Carnival of the Animals: Drop the other one! I like this when it's not inflated to symphonic size. Nine players is all it takes, if I'm counting correctly. In my piano version, I've marked all the original themes I can identify in "Fossiles." Hm, I should work on "Hemiones" again. The finale is something I've gone back to a few times, but it's still too much too fast for me to play properly. I love to listen to it. The Paratore Brothers have a four-hand version that rocks just as much as the full version. More recently, Diz-nee used it as the basis for a hyperactive and poorly animated cartoon in which the sequential frames seem to bear no relation to one another, much as if they had shuffled a bunch of random drawings and photographed them.
Danse Macabre: Another chestnut. And why does Saint-Saens have so many? BECAUSE HE'S THAT GOOD. Horowitz played up a storm on this one. Gil Shaham has recorded it with piano accompaniment. The quiet spot near the end, just before the cock crows, has fooled several classical announcers into ending the recording prematurely.
Introduction and Rondo Cappriccioso: Concentrated joy in musical form, just like Mendelssohn's piece of the same name. A delight in any arrangement. Bizet set it for piano and violin. My favorite is Debussy's version for two pianos, in which every wonderful note comes through with fresh clarity. (Speaking of Bizet, his "Children's Games" for piano duet are some of my all-time favorite 19th century French music. Speaking of French music, Franck was Belgian. Speaking of speaking of stuff from up above, searching for a book isn't much good if I can't remember the name, and all I remember about the two-piano collections is that they were probably edited by Albert Weir, and that doesn't get me anywhere.)
Piano Concerto #2: My favorite concerto of his, and probably a lot of other people's as well. It's the one they keep playing on the radio.
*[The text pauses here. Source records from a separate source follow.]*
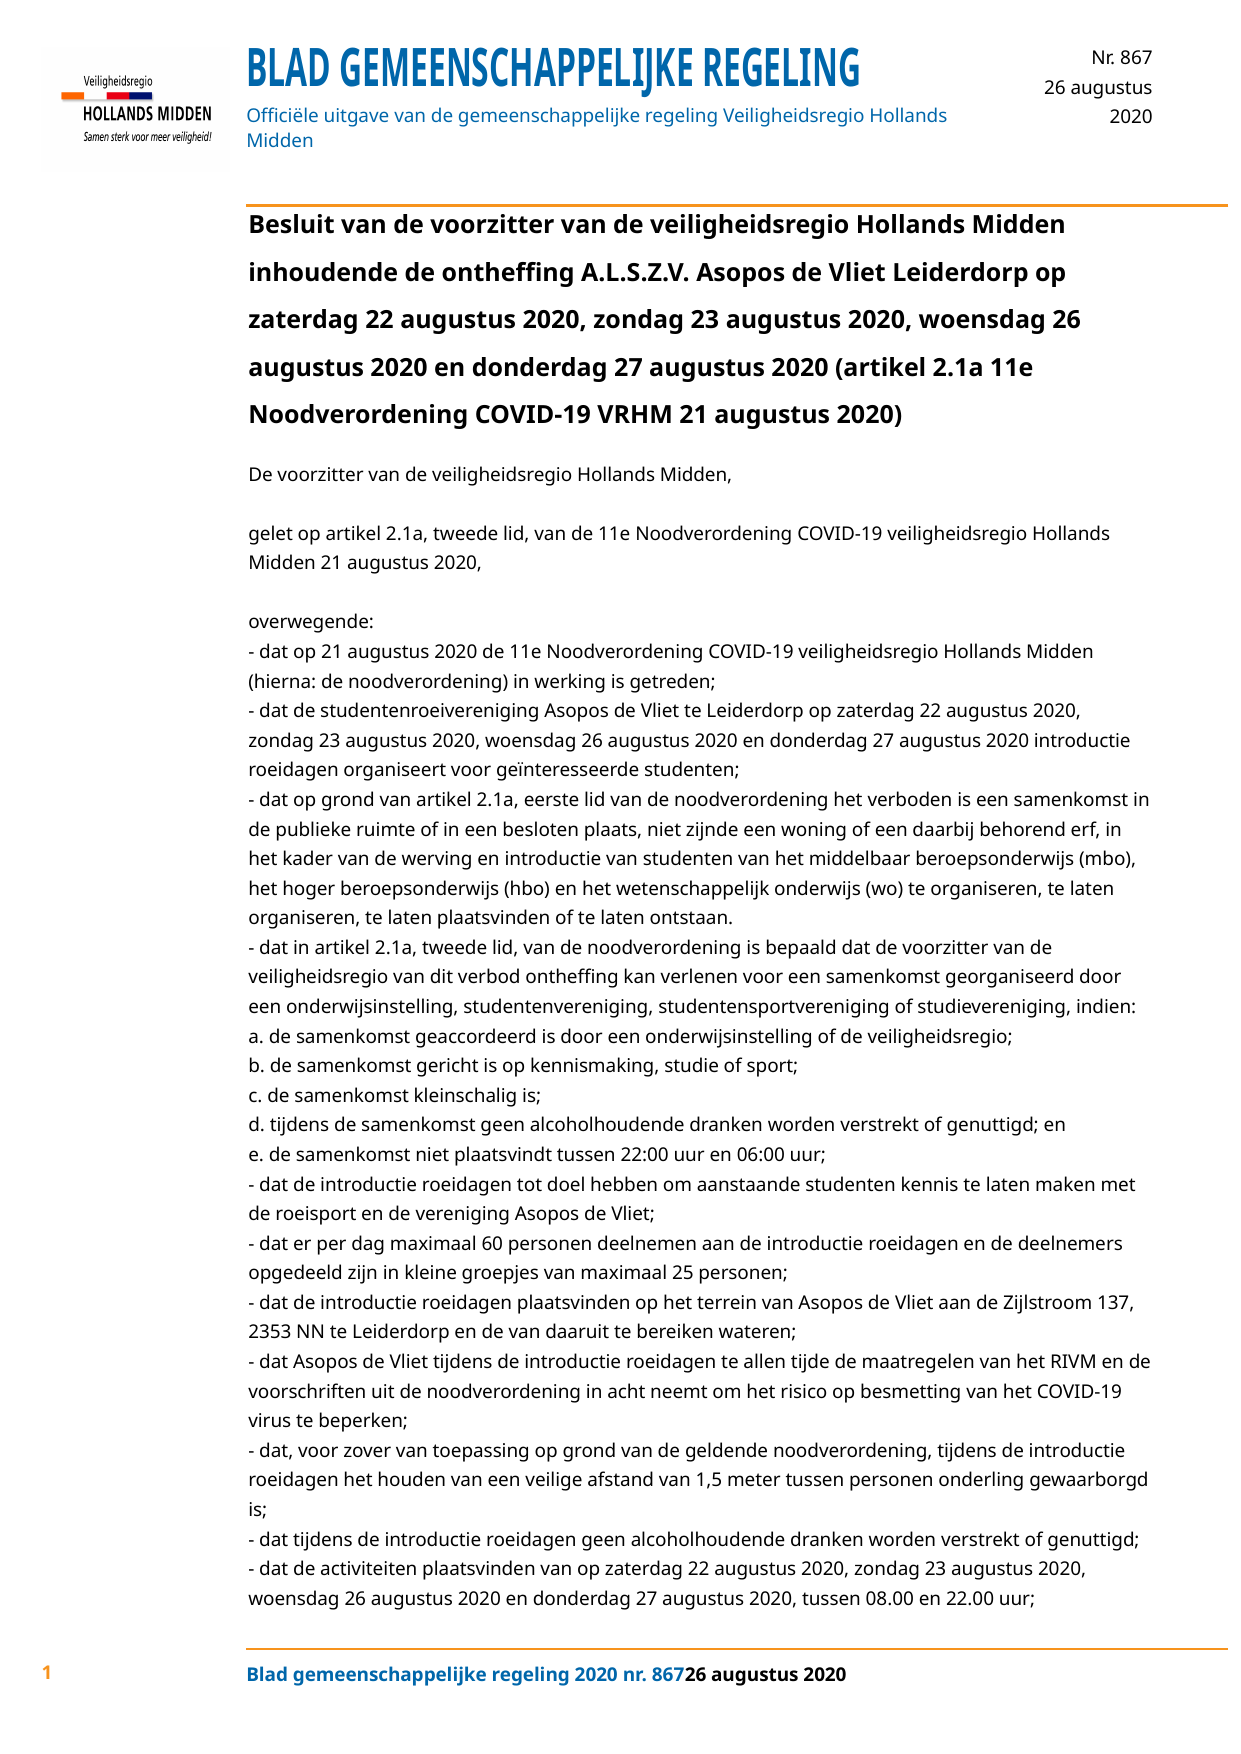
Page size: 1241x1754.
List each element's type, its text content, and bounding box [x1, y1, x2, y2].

text a. de samenkomst geaccordeerd is door een onderwijsinstelling of de veiligheidsregio; [248, 1023, 1152, 1048]
text d. tijdens de samenkomst geen alcoholhoudende dranken worden verstrekt of genuttigd; en [248, 1112, 1152, 1137]
text - dat de activiteiten plaatsvinden van op zaterdag 22 augustus 2020, zondag 23 augustus 2020, woensdag 26 augustus 2020 en donderdag 27 augustus 2020, tussen 08.00 en 22.00 uur; [248, 1555, 1152, 1611]
text b. de samenkomst gericht is op kennismaking, studie of sport; [248, 1052, 1152, 1078]
text Besluit van de voorzitter van de veiligheidsregio Hollands Midden inhoudende de ontheffing A.L.S.Z.V. Asopos de Vliet Leiderdorp op zaterdag 22 augustus 2020, zondag 23 augustus 2020, woensdag 26 augustus 2020 en donderdag 27 augustus 2020 (artikel 2.1a 11e Noodverordening COVID-19 VRHM 21 augustus 2020) [248, 207, 1152, 431]
text - dat Asopos de Vliet tijdens de introductie roeidagen te allen tijde de maatregelen van het RIVM en de voorschriften uit de noodverordening in acht neemt om het risico op besmetting van het COVID-19 virus te beperken; [248, 1348, 1152, 1433]
text overwegende: [248, 609, 1152, 634]
text - dat in artikel 2.1a, tweede lid, van de noodverordening is bepaald dat de voorzitter van de veiligheidsregio van dit verbod ontheffing kan verlenen voor een samenkomst georganiseerd door een onderwijsinstelling, studentenvereniging, studentensportvereniging of studievereniging, indien: [248, 934, 1152, 1019]
text - dat op 21 augustus 2020 de 11e Noodverordening COVID-19 veiligheidsregio Hollands Midden (hierna: de noodverordening) in werking is getreden; [248, 638, 1152, 693]
text - dat de introductie roeidagen plaatsvinden op het terrein van Asopos de Vliet aan de Zijlstroom 137, 2353 NN te Leiderdorp en de van daaruit te bereiken wateren; [248, 1289, 1152, 1344]
text e. de samenkomst niet plaatsvindt tussen 22:00 uur en 06:00 uur; [248, 1141, 1152, 1167]
text c. de samenkomst kleinschalig is; [248, 1082, 1152, 1108]
text - dat, voor zover van toepassing op grond van de geldende noodverordening, tijdens de introductie roeidagen het houden van een veilige afstand van 1,5 meter tussen personen onderling gewaarborgd is; [248, 1437, 1152, 1522]
text De voorzitter van de veiligheidsregio Hollands Midden, [248, 461, 1152, 486]
text - dat tijdens de introductie roeidagen geen alcoholhoudende dranken worden verstrekt of genuttigd; [248, 1526, 1152, 1551]
text - dat er per dag maximaal 60 personen deelnemen aan de introductie roeidagen en de deelnemers opgedeeld zijn in kleine groepjes van maximaal 25 personen; [248, 1230, 1152, 1285]
text - dat de introductie roeidagen tot doel hebben om aanstaande studenten kennis te laten maken met de roeisport en de vereniging Asopos de Vliet; [248, 1171, 1152, 1226]
text - dat op grond van artikel 2.1a, eerste lid van de noodverordening het verboden is een samenkomst in de publieke ruimte of in een besloten plaats, niet zijnde een woning of een daarbij behorend erf, in het kader van de werving en introductie van studenten van het middelbaar beroepsonderwijs (mbo), het hoger beroepsonderwijs (hbo) en het wetenschappelijk onderwijs (wo) te organiseren, te laten organiseren, te laten plaatsvinden of te laten ontstaan. [248, 786, 1152, 930]
picture [41, 47, 231, 172]
text gelet op artikel 2.1a, tweede lid, van de 11e Noodverordening COVID-19 veiligheidsregio Hollands Midden 21 augustus 2020, [248, 520, 1152, 575]
text - dat de studentenroeivereniging Asopos de Vliet te Leiderdorp op zaterdag 22 augustus 2020, zondag 23 augustus 2020, woensdag 26 augustus 2020 en donderdag 27 augustus 2020 introductie roeidagen organiseert voor geïnteresseerde studenten; [248, 697, 1152, 782]

The opening reminds me of Beethoven's Choral Fantasia for piano, orchestra and chorus, in that order -- starts off solo piano, orchestra joins, then the singers come in. Well, the concerto starts off with a similar sort of cadenza. Not identical, just similar. The Saltarella is lots of fun, too. I keep putting the other concertos on, but so far none of them have grabbed me like this one.
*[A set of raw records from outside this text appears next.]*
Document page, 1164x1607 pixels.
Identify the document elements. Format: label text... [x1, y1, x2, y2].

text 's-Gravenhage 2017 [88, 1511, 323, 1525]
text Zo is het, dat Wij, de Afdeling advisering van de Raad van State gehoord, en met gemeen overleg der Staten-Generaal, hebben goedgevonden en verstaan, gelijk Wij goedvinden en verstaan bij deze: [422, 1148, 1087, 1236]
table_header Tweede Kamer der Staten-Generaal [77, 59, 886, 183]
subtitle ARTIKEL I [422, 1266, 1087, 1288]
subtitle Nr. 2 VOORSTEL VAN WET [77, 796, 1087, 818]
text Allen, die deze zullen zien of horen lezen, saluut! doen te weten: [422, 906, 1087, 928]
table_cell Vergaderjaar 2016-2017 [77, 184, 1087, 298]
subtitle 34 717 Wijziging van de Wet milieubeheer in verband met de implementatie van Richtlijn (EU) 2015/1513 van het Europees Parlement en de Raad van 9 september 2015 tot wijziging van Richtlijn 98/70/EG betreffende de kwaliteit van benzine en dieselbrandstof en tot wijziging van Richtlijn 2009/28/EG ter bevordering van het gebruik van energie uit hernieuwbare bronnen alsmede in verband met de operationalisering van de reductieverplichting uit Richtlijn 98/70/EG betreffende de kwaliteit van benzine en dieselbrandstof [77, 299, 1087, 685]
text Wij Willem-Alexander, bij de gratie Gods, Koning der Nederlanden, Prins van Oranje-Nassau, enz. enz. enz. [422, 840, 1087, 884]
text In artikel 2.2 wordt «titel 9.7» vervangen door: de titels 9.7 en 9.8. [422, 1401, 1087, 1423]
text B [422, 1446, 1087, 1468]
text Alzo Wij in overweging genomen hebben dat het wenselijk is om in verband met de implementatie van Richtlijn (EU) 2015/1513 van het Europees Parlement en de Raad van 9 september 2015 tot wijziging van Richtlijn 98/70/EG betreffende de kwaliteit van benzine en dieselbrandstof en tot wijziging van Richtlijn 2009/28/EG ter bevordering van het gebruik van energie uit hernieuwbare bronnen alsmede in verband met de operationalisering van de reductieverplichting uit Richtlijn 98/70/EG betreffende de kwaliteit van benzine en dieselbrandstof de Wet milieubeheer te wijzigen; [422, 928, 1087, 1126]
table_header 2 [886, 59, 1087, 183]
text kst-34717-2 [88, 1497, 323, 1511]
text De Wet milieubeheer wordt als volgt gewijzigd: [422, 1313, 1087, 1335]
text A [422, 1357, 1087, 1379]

Some Saint-Saens miscellany: Six piano pieces for left hand. The Dance of the Priestesses of Agon, from Samson & Delilah, which the composer recorded on a piano roll. To play it myself, I went and copied the relevant section out of the piano/vocal score and rigged an ending onto it instead of going right into Delilah's Song of Spring. I like his Mazurka for piano, which has some high-sounding opus number. Dad openly dislikes it, calling it one of SS's few potboilers, but I persist in liking it. It goes DEE dee, de DEE dee; DEE dee, de DEE d'dee d'dee de...
Did I mention that I'm tired? That I keep hitting two caps in a row and leaving the first letters off of words? G'night.